Every Child Wonders: What Was Wrong?

When a child feels that he does not know what has actually happened to break up his parents' marriage, he is apt to be more disturbed than he would be if he were taken into their confidence. He feels isolated and fills the gaps with what he imagines. And many times what he imagines has to do with himself.

Sally, fifteen, a swift whirlwind of a girl, full of energy and leadership suddenly did a rightabout-face. "All the sparkle went out of her," her sensitive home-room teacher explained. "She resigned the vice-presidency of her class and she's moody and morose. Doesn't get her work in. Won't participate. Something's gone wrong. . ."

Something had.

"My father left my mother last week!"

Sally brushed a hurried hand across her eyes and flung back her hair. "I hate to say it but I know it was my fault. I've known from 'way, 'way back it would happen sooner or later. And it did."

A few days before her father's departure there had been a big scene. "My mother'd been out shopping and she got home just as my father got home from work and the first thing they both asked me was, had I practiced. I said 'Yes.' Only that brat of a brother of mine told them I hadn't.

"That was the beginning of the end. My father called me a 'liar' and my mother called me a 'fabricator," which was at least a little more civilized. Only then my father got mad and said she should say what she meant and call a spade a spade and not a spaddle. And then he turned on me and he said what he's said so often, that I'd be the death of him and I'd be the cause of him and mother divorcing . . . And now I am.

"I've tried to blame my brother. If he hadn't snitched, things wouldn't have exploded. But if I stop being a liar to myself, I know it's me . . ."

As Sally went on talking, her thinking hitched up with thoughts she'd had much further back. "Now they're separated I'd like to go live with my father. If I weren't scared my mother would just about kill me, I'd say so. I've always wanted to. Like when I was a little girl I'd make up stories. See, I brought a picture book I drew when I was small."

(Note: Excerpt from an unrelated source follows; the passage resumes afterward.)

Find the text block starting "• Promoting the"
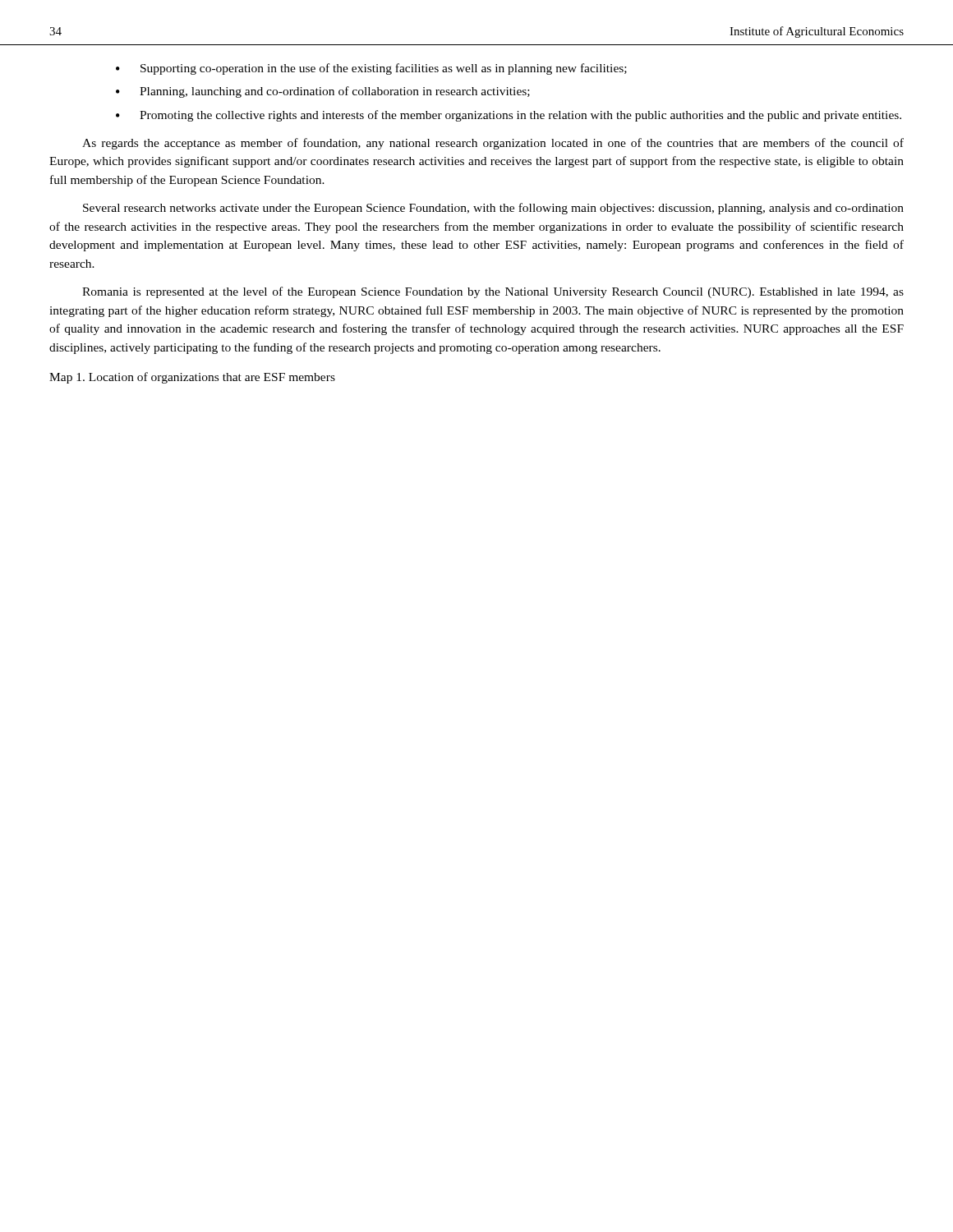The image size is (953, 1232). coord(509,116)

Sally paged the leaves and pointed. "This picture's when I was about six. I'm cooking dinner and Daddy's bringing me a bunch of flowers and my mother and brother aren't there . . . And here in this picture Daddy and I are going to the store to buy ice cream . . . and here in this one Daddy's taking me to the beach! I pretended that Mother'd moved away. I'm not sure, but I think I made up that she'd be gone for always. Only I knew I was bad to dream up that one. So I told myself it was for the summer in summerime and for Christmas at Christmastime and for Easter in the spring. What it came to as a result was practically all year 'round.

"And now Daddy's left me!"

Her imagination took over. "Do you suppose mother found my picture book and showed it to him? And that made them both angry? And that's why he left?"

In Sally's search for an explanation of her father's leaving she had dipped into the past. Dreams of wanting to separate her mother and father were trickling up from the loverivalry period to join with her present-tense thoughts. She didn't know it was quite natural and normal for every small girl to wish that Mother were out of the picture so that she might have Father all to herself. And so the earlier wishes which had made her feel "bad" then were making her feel "bad" now. In consequence, she was all ready and set to believe what her father had flung out repeatedly in his own confusion and anger, "You'll be the cause of our divorce."

Sally was like many other children. When left to their own devices to explain to themselves what has happened, they grow confused. Even very young children then muster fantasies to explain what they otherwise cannot fathom.

Small Howard, four, sits like a wise old man and wheezes. "He's never naughty," his mother comments. "But his asthma started soon after his father left--he was two then."

In his play with a doll family representing Mother and himself, with Father added in order to take him back to the days before his wheezing started, he tells his story. He plays out his scenes with surprising alertness.

The father doll gets mad and scolds the mother. "I don't want eggs for dinner"--he enacts the father's role. "Give me meat," says the father angrily. "Give me meat. Give me meat. Give me meat!"

"No," says the mammy. And she kicks the daddy. She kicks the daddy right out of the door.

In his play, however, he could not let the boy get angry. The very idea made the worry lines and the anxious look reappear.

And then, out came the source of his fear.

"If you get mad you get kicked out. That's what mammies do."

It had happened to Daddy when Daddy got mad. So if he got mad it might happen to him.

In similar manner, small Rory showed that he was anxious that his mother would not want him because of another kind of "badness" that he carried on by touching himself after he was in bed at night. His mother might send him away for being "bad" in this fashion just as his mother had sent his father away for whatever kind of "badness" he had carried on.

Child after child shows similar feelings when the parents separate. Something is wrong, very wrong. Was something wrong with Daddy? With Mother? Is something wrong with me? Why did Daddy, or Mother, go away and leave me? Didn't they love me anymore? Did it happen because I was "bad"? . . . This is the worst fear of all.

One thing that can help prevent such fear from piling up is to tell our children about the divorce or separation as simply and clearly as we possibly can. Even if it happened much earlier and you failed to tell him, you can let him in on it now.